Ich habe alle Familien dazu befragt und niemand hat mir gesagt, dass sie einen Boykott wollen. Die Familie von Bine Bahadur Bishworkarma etwa ist stolz auf seine Fähigkeiten. Er war Facharbeiter und musste mit teurem Material wie den Marmorfliesen für die Fußböden umgehen. Deshalb sagten sie, alle Fans, die an den Marmorböden vorbeikommen, sollten seine gute Arbeit zu schätzen wissen.
Der schwedische Journalist Martin Schibbye, 41, berichtet seit Jahren aus Süd- und Südostasien. Nachdem er 2012 für 14 Monate in Äthiopien im Gefängnis saß, weil er über Menschenrechtsverletzungen recherchiert hatte, gründete er zusammen mit der Medienstrategin Brit Stakston Blankspot.
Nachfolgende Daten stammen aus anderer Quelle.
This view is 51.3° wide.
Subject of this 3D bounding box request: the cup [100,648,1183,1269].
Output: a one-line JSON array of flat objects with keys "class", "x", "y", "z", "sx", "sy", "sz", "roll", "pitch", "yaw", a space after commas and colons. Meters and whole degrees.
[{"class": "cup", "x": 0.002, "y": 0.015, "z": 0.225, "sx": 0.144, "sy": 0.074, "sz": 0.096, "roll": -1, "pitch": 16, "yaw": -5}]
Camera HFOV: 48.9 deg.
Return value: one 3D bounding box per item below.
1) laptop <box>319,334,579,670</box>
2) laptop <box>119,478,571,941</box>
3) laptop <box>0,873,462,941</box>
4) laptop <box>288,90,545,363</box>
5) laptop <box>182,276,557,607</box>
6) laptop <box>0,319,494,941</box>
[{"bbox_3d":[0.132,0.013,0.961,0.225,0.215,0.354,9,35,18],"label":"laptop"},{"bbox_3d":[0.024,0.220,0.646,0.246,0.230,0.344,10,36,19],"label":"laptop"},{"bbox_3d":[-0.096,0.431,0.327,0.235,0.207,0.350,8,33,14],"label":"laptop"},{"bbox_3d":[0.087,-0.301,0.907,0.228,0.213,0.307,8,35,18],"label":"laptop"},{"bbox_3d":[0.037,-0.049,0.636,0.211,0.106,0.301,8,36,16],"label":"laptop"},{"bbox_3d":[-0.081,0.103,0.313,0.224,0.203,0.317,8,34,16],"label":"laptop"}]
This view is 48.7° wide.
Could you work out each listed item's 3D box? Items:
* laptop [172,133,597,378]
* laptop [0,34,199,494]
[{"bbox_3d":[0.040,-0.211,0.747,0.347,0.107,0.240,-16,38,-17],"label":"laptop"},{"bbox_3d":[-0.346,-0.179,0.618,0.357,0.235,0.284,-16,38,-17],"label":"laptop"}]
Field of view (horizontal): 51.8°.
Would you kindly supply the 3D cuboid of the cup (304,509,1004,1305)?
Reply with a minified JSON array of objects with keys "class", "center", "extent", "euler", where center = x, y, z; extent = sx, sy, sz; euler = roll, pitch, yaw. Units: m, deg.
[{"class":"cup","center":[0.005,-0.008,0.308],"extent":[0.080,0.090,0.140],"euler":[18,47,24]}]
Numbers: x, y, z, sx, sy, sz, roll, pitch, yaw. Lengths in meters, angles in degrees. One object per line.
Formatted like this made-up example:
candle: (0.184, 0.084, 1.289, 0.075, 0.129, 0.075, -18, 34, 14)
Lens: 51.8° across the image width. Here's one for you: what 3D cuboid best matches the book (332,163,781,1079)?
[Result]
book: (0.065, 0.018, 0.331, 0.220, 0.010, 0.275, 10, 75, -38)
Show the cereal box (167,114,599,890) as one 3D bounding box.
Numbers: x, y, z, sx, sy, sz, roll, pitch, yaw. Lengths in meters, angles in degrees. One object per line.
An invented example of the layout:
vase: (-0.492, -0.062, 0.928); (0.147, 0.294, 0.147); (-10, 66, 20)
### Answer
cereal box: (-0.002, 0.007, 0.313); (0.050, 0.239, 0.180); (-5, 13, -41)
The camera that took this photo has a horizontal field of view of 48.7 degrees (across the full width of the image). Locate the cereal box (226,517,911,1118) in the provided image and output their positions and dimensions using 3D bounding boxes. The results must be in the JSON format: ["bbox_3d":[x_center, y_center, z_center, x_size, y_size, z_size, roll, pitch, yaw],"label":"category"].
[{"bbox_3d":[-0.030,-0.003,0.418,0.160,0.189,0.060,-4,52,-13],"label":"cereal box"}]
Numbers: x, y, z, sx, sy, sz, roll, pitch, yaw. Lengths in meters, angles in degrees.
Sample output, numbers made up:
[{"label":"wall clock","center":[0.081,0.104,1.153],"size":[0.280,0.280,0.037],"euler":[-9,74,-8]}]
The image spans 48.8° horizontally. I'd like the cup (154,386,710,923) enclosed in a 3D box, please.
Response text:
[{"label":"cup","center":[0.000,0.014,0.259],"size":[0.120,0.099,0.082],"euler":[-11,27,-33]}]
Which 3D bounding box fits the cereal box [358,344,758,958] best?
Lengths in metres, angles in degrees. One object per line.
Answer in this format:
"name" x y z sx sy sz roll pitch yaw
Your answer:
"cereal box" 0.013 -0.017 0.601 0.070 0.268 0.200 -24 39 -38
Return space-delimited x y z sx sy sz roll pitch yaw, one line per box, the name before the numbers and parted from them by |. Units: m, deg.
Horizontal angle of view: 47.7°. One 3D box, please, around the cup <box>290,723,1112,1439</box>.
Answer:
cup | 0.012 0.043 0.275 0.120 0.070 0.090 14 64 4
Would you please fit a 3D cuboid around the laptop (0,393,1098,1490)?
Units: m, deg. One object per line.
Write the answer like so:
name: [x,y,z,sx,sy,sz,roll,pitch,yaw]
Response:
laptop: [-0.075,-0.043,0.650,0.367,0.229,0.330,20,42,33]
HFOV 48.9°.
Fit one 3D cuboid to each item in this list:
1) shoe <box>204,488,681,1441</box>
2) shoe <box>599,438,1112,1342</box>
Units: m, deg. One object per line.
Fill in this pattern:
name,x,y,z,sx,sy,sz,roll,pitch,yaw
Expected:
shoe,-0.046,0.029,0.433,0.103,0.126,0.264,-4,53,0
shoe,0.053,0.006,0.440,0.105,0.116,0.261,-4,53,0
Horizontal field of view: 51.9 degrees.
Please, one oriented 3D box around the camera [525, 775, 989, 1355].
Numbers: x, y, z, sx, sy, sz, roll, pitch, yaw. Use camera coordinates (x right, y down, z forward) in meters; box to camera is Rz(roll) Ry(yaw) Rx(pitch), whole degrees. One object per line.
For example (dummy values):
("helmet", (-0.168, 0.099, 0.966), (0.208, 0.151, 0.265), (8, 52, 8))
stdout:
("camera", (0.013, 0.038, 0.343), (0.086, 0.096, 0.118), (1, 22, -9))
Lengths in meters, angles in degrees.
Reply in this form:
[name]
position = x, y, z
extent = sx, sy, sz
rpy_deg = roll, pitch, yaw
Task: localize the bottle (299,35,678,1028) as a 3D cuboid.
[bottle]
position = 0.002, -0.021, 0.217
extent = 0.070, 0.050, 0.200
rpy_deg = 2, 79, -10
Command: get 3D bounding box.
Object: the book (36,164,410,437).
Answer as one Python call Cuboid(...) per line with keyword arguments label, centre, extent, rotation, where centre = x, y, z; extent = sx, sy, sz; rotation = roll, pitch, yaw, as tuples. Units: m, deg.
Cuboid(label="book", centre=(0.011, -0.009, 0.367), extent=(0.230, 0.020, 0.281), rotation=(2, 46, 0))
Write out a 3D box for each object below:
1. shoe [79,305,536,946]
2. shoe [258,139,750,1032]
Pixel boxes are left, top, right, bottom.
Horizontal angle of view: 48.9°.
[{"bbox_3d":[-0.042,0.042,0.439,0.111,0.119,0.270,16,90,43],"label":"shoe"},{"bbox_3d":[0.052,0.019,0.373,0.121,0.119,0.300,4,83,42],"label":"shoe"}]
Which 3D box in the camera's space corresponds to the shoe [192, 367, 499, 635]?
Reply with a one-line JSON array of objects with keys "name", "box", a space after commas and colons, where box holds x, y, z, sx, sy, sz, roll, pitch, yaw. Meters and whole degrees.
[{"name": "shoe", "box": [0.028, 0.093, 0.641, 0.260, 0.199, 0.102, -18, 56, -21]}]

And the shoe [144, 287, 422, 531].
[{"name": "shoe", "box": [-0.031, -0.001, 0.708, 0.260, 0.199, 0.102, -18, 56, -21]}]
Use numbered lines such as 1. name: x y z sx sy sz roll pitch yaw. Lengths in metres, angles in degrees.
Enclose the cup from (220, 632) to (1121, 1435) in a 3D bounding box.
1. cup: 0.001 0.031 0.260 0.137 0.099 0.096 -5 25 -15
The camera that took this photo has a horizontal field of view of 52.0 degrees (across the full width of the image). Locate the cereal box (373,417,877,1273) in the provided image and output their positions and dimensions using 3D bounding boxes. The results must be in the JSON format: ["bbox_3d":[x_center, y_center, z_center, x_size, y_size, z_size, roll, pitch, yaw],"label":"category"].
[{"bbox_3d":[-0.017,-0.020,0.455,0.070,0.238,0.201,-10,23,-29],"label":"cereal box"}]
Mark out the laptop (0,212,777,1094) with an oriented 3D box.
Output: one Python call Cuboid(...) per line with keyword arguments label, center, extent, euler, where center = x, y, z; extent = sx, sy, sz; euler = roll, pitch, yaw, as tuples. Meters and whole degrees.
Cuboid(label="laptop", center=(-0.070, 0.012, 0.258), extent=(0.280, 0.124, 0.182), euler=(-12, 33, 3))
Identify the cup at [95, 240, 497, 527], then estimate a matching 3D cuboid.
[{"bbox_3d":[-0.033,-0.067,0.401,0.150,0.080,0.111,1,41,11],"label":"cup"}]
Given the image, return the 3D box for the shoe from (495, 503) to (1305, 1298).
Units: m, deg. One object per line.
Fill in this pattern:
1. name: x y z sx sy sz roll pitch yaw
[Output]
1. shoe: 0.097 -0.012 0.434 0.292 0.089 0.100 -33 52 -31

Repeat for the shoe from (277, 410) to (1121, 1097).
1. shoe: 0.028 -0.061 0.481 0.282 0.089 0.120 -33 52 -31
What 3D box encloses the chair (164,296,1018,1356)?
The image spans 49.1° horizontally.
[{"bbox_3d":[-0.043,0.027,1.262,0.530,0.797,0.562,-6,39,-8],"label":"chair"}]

Diese rein digitale Plattform für Journalismus wurde per Crowdfunding finanziert und will die unerzählten Geschichten erzählen und die übersehenen Ecken der Welt unter die Lupe zu nehmen. Schibbye wurde mit dem Anna-Politkowskaja-Gedächtnispreis und dem Preis für Pressefreiheit von „Reporter ohne Grenzen“ ausgezeichnet.